I hasten to point out that Rue des Maléfices is not,
strictly speaking, a book about occult Paris. I’d probably have skipped it had
it been, and had it not come to me through fittingly mysterious circumstances
(my own visitation from the past, a vanished Paris acquaintance from 15 years
ago who by sheer coincidence showed up again this year living in the apartment
directly above me in San Francisco). Rather, Rue des Maléfices stands at
the unusual intersection of a personal obsession - a passionate interest “in
everything related to Paris as it used to be, and whatever survives of its old
traditions” – and the impersonal Second World War, during which Yonnet, a
journalist and “technical education supply teacher, curious by nature,” worked
clandestinely with the Resistance, relaying radio messages to help coordinate
bombing runs on German positions. Traveling
within a fairly circumscribed area of occupied Paris between the Left Bank
poles of Place Maubert and “La Mouffe,” Yonnet’s orbits roughly parallel Paris’

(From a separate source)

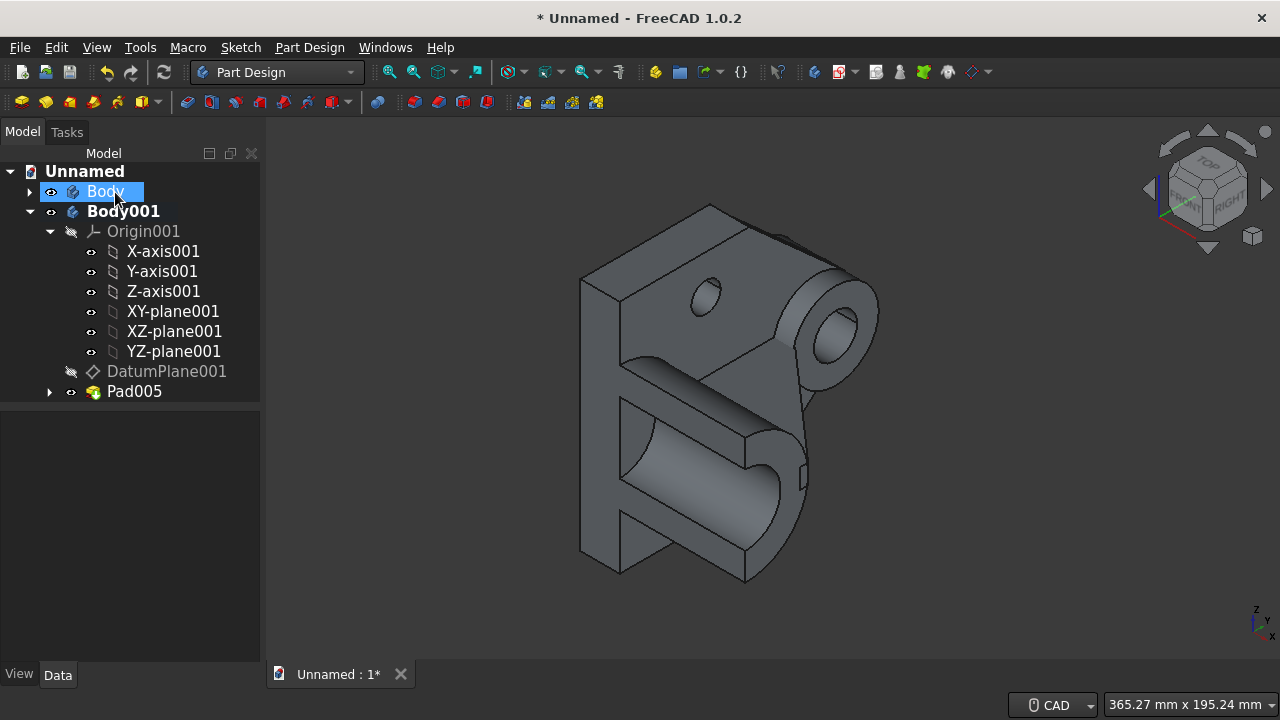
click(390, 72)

“lost” river, the Bièvre (now a mostly subterranean stream covered over by the
city’s growth and all but invisible except to the most inquisitive seekers), a
unifying element that emphasizes the hidden past lurking beneath the flickering
present and lends a depth and gravitational pull to Yonnet’s concentrated
portrait of Paris under the Occupation. Many writers might have built their
book around their daring exploits in the Resistance, but Yonnet often treats
his dangerous work as a self-evident obligation and as almost incidental (at
least until its hazards interrupt the narrative with cold violence), and the
war as something of an impertinent interference in his excavations of Paris’

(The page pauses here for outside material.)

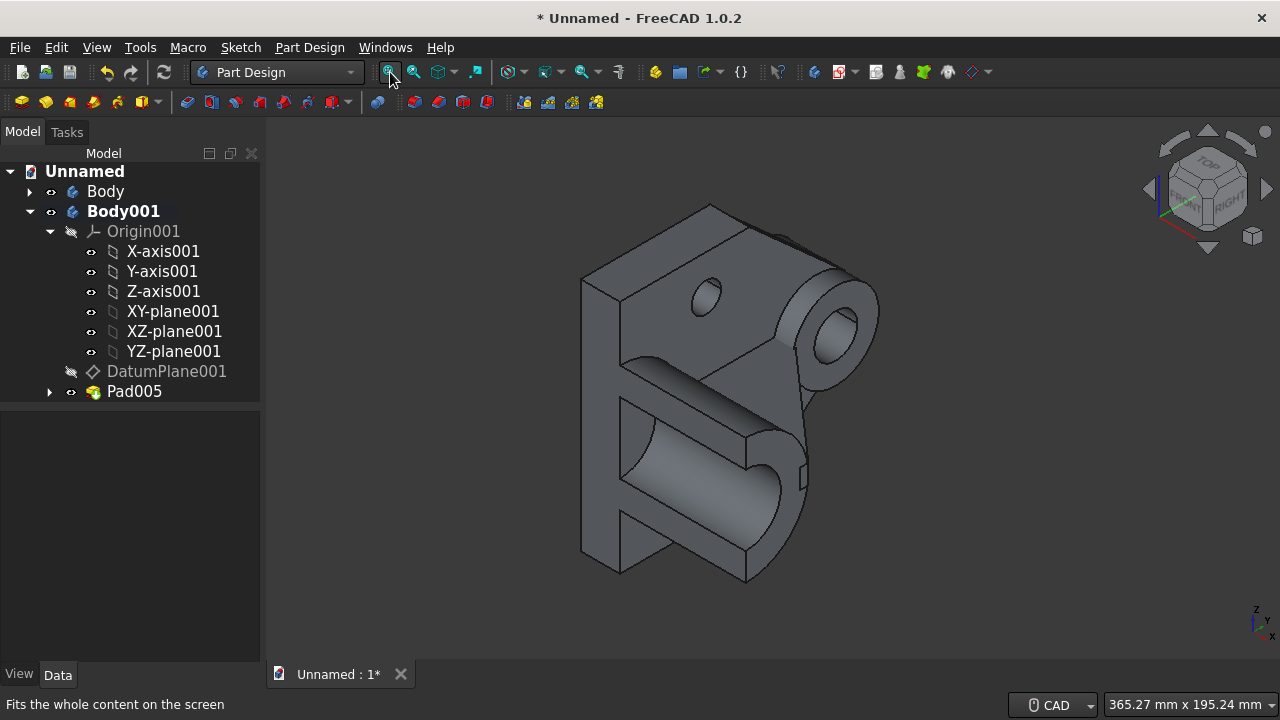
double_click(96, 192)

past and depictions of its present.
Recording in charcoal as well as in prose (a few sketches
are included in my French edition of the book, along with photographs by
Yonnet’s close friend Robert Doisneau), Yonnet displays an insatiable curiosity
about the characters with whom he interacts in the bars, cafes, flophouses, and
secret corners of the city: fellow members of the Maquis, gangsters, gypsies, informers,
poets, prostitutes, immigrants, spies, madmen and others from the lower depths:
“a gang of Bohemians of whom [he was] in some sense the key player and prime
mover,” given his genuine interest in their stories and his consequent ability
to win their confidence. Through anecdote, dialogue and historical accounts -
and no small amount of humor as well as horror - Yonnet conveys his portraits in
a narrative that possesses the drive and suspense of a thriller.

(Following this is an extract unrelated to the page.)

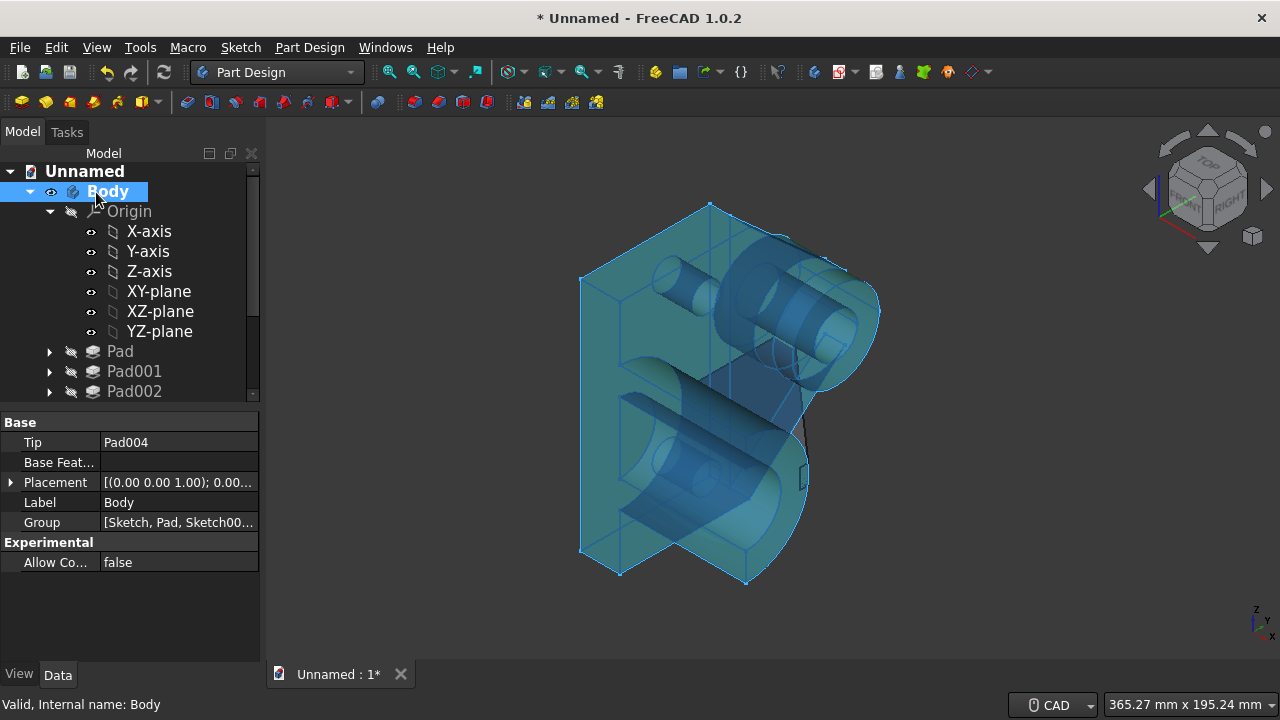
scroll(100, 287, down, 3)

Yonnet’s interests range widely, from insightful
explorations of the city’s history to endlessly fascinating casual observations
concerning, among other things, origins of idiomatic expressions, locations of crimes
and of events almost mythological in their power to enchant, bits of Parisian
history spread over a millennium, incidents of bizarre psychiatric phenomena of
the sort one might find in an Oliver Sacks book, opinions on art and craft, a
digression on tattoos, and atmospheric evocations of Occupation life in the bars
and cafes of the area. Among the more memorable portraits is that of Keep On
Dancin’, a ruthless but gregarious and heroic gangster on the lam from the
Nazis and the police, who, when not brutalizing his betrayers, genially shares
with Yonnet his own profound obsession with Paris’ buried mysteries.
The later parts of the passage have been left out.